Innovation Interview with Scott Cook of IntuitThis is the first of a series of video and text interviews with innovation leaders at a range of companies that are seeking to create innovation excellence in their organizations. This interview, and many others with innovation leaders from trailblazing organizations around the globe, will build upon the foundation of the research and findings contained in my first book – Stoking Your Innovation Bonfire – and will form part of a case study on Intuit for my next publishing effort. This effort will be a highly collaborative and interactive endeavor looking at what is required to make innovation a deep capability in successful organizations.

If you think your organization is doing some really great work to create innovation excellence in your organization, please contact me.

I am excited to present the first innovation interview in this video interview series examining some of the topic surrounding the development of a deep innovation capability. I had the opportunity to interview Scott Cook, Co-Founder and Chairman of Intuit, at The Economist’s “Innovation 2011: Entrepreneurship for a Disruptive World” event in Berkeley, CA. In this video Scott talks about some of the key factors required in helping an organization become excellent at innovation.

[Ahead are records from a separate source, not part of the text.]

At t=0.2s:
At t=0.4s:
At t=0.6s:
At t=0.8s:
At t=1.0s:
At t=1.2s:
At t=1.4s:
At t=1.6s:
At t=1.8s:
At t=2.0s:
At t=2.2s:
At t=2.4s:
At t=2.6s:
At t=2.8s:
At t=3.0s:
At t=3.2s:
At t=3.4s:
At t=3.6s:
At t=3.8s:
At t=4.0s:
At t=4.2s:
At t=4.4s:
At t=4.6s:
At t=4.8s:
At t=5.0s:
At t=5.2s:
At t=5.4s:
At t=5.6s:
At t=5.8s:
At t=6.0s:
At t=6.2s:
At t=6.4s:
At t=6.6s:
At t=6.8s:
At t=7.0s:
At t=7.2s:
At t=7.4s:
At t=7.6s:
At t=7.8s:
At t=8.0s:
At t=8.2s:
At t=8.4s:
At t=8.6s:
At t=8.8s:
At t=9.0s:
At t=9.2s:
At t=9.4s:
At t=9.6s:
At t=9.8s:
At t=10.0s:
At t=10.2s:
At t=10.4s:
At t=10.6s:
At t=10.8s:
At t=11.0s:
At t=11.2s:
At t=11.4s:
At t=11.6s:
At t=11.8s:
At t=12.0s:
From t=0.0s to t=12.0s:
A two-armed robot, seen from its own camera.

Below you will find the video and a written transcript.

Here is the innovation interview transcript:

Hello everyone this is Braden Kelley of Blogging Innovation. here with Scott Cook the founder of Intuit. Scott, I would really like to ask you about innovation and building innovation as a deep capability within the organization and as you started Intuit and as you look to grow and make it a successful company, what are some of the key things that you tried to do to help make innovation a capability in a continuous possibility for the organization.

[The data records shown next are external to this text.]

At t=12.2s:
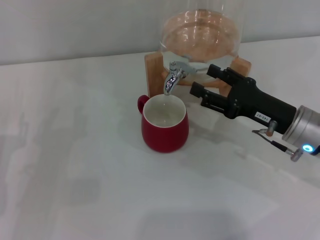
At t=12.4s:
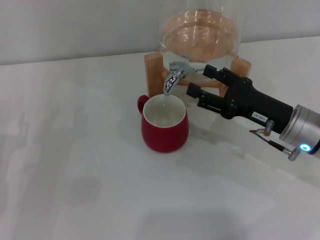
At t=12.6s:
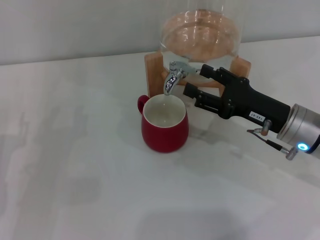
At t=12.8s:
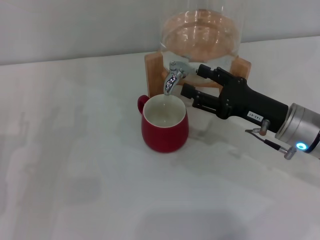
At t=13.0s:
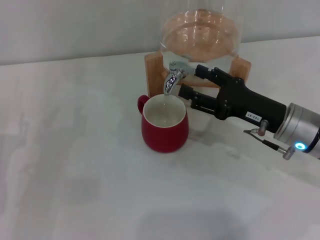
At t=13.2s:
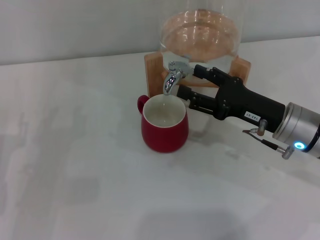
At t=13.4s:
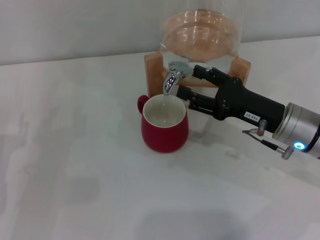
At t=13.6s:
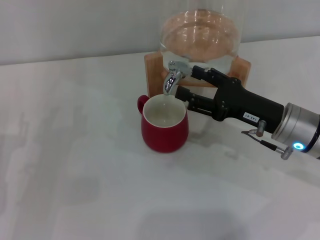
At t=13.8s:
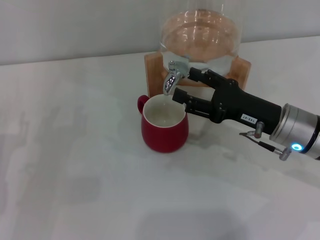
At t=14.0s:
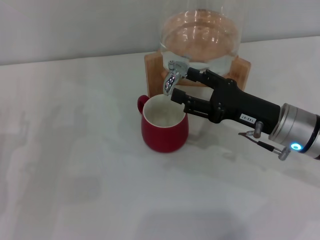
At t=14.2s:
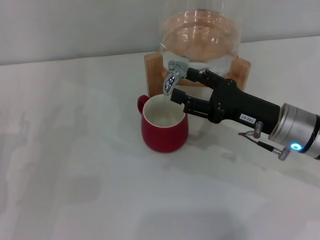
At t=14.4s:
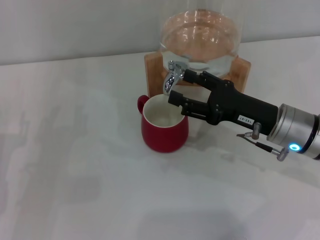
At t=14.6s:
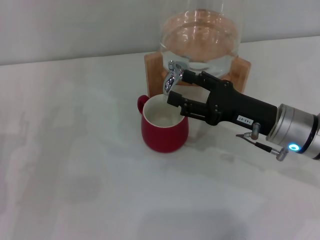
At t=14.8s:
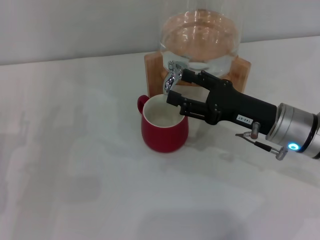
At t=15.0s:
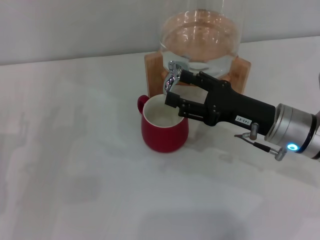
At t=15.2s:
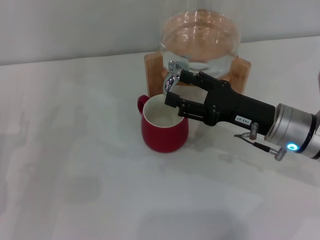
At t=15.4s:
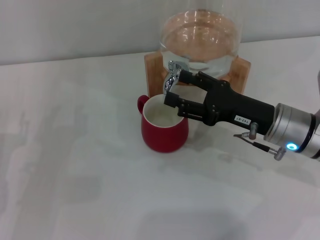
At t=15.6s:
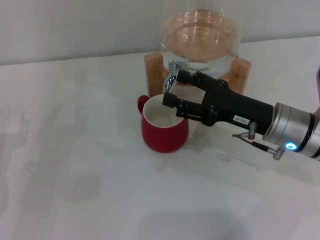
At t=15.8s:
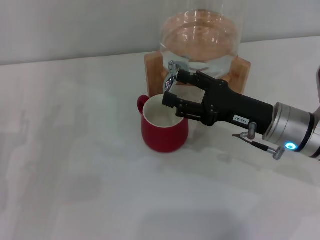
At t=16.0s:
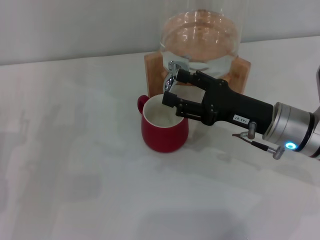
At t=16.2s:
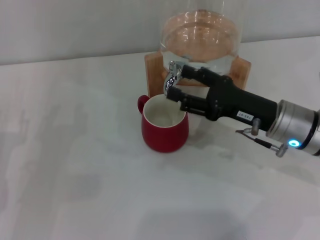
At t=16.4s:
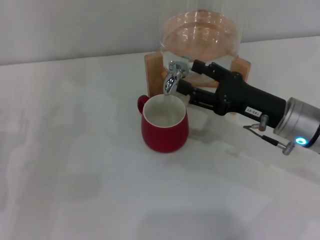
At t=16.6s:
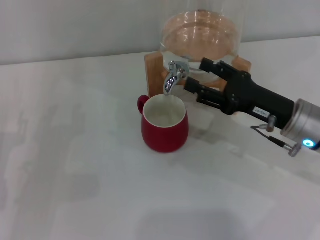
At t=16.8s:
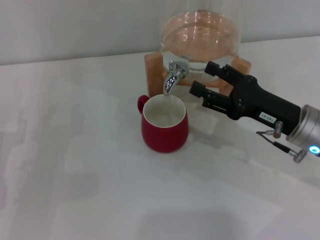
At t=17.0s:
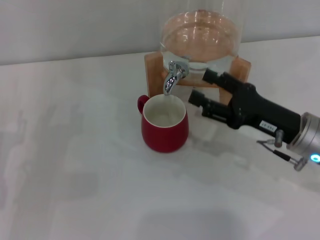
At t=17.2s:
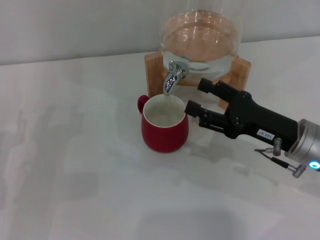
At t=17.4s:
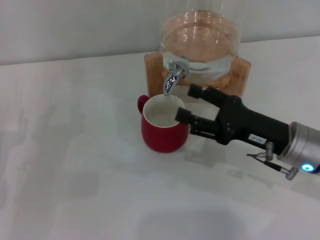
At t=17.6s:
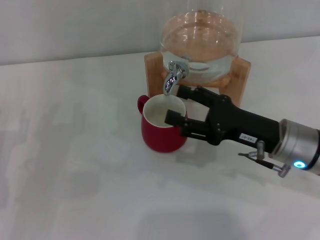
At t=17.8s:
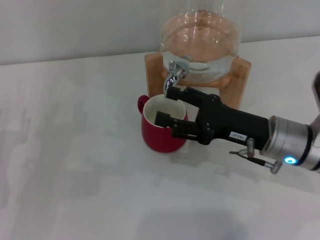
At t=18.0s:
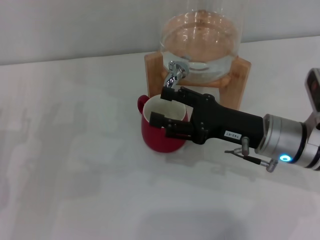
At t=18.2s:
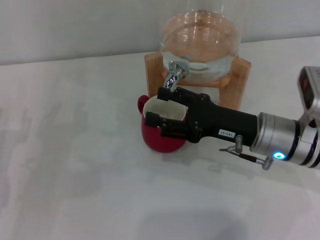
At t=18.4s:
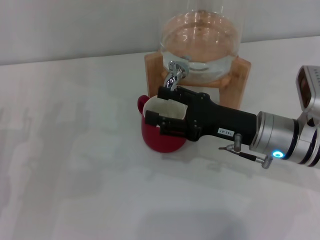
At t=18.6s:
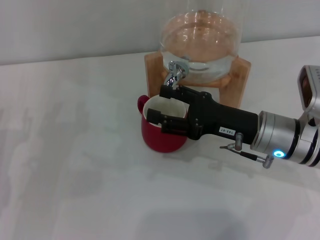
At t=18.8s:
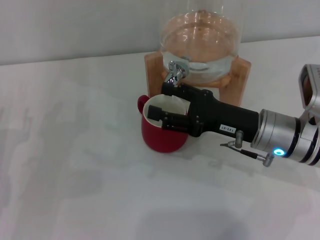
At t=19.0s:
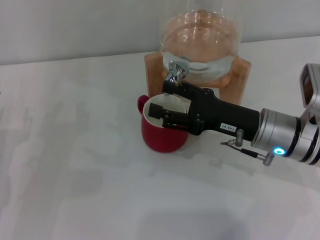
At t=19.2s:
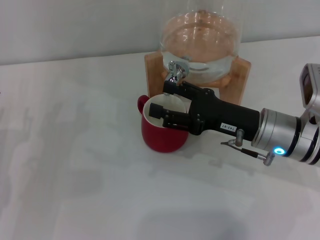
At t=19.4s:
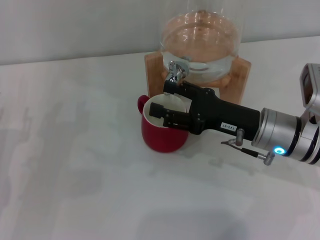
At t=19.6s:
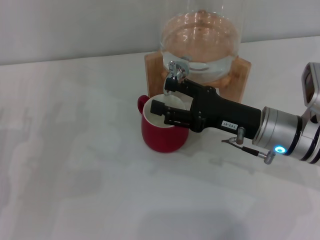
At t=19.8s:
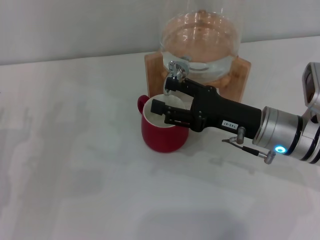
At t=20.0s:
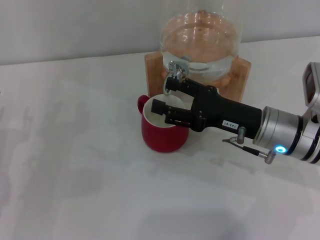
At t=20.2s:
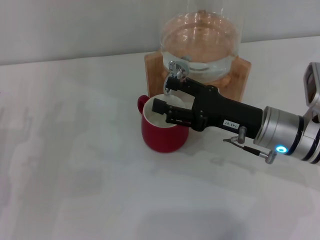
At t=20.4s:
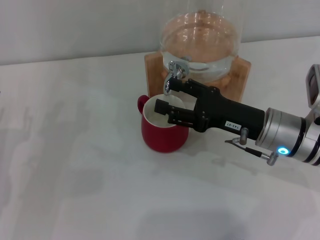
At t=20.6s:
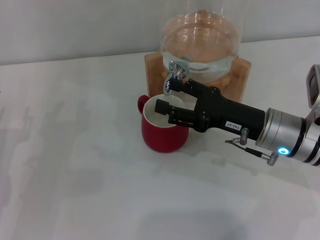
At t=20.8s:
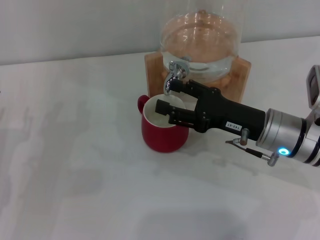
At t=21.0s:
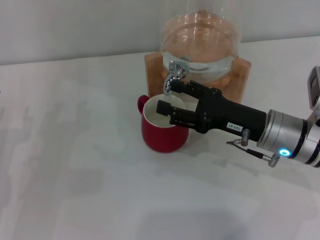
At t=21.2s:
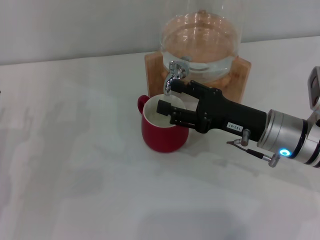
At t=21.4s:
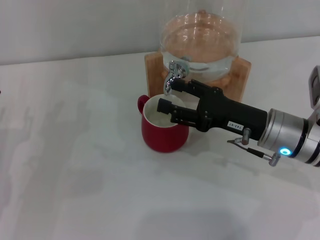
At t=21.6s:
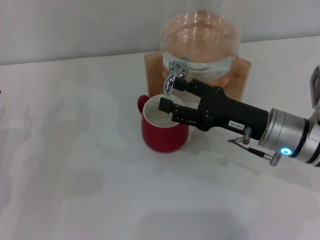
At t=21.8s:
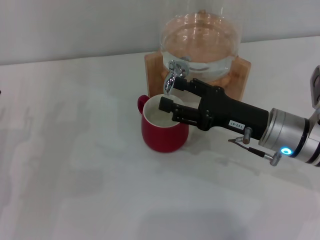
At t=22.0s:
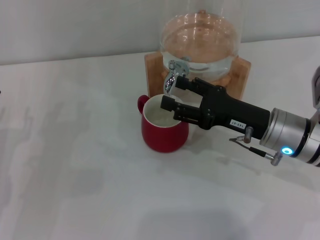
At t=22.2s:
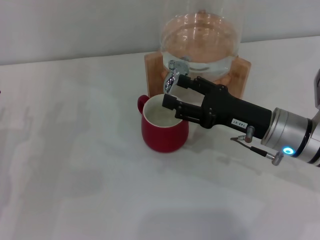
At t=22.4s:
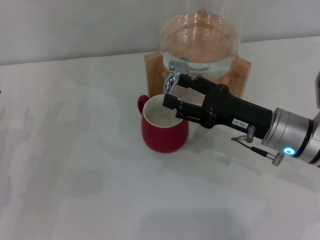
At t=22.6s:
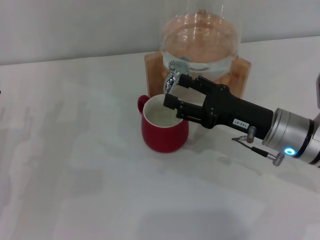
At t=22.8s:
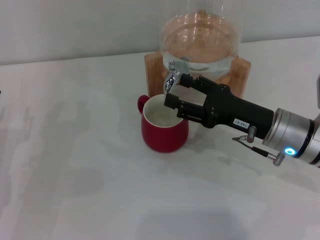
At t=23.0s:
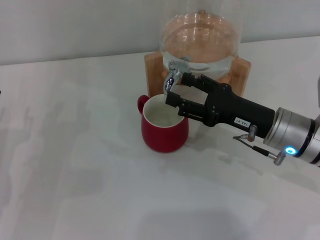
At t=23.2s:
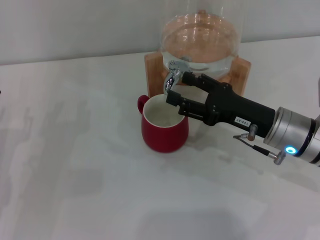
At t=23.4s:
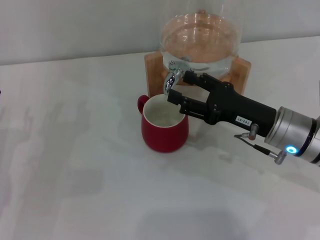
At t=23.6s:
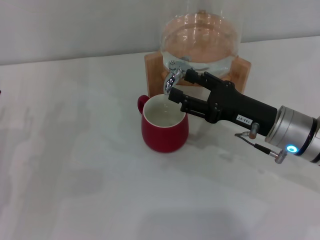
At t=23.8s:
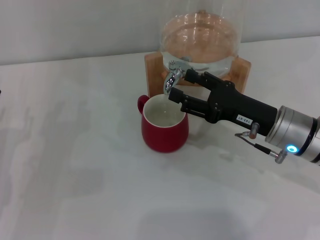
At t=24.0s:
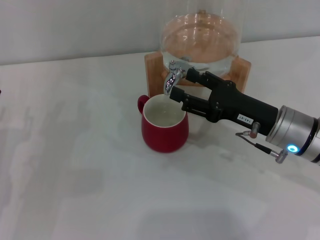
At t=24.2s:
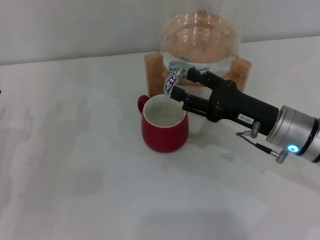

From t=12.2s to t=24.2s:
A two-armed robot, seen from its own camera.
Task of the whole recording: the left gripper pick up the red cup and place it horizontally under the faucet, the right gripper turn on the faucet to fill the cup, and then turn off the faucet.
Step, from t=12.2s to t=16.0s: Open the dispenser valve and fill the cup with water with the right gripper.
From t=12.2s to t=13.8s: The grippers stay close to where they were, moving slightly.
From t=13.8s to t=15.2s: Both grippers stay put.
From t=15.2s to t=18.2s: There are only small adjustments of the grippers.
From t=18.2s to t=19.8s: Both grippers stay about where they are.
From t=19.8s to t=21.2s: Neither gripper changes place.
From t=21.2s to t=22.6s: Both grippers stay put.
From t=22.6s to t=24.2s: The two grippers keep their place.

Scott: Yeah that is something we have been spending a lot of time on over the last 4 years so I think a lot of the DNA we have on innovation is good in the company but we had lost some of the skill and capabilities. We hired new people, new managers so we went into a big rebuilding starting in 07. Things that have been very— I mean what you are trying to do, is change and improve the way teams do their daily work and the way managers, what they expect of teams.

So we worked it at all levels, so I work with teams from the top and it changes your expectations of what business unit leaders do with their teams and then we have innovation catalysts who work to couch teams and help teams when they hit innovation roadblocks or trying to leap and really change their thinking. We also work on skill building so one example is that a number of our executives had actually narrowed who we would hire from various companies, good folks but it never actually done innovation in a way that we teach people to do it.

So we took 2 days of an off site with just the top 18 people in the company and had our innovation catalyst come in and have them do the very process that we expect to our teams. Customer immersion with the customers and the executives did it, why we recruited customers as they came in. The nature of going broad that day— in a nature of trying to come to a key insight, testing that insight back with the customers then going broad, I don’t care with that insight, what could you do and then narrowing.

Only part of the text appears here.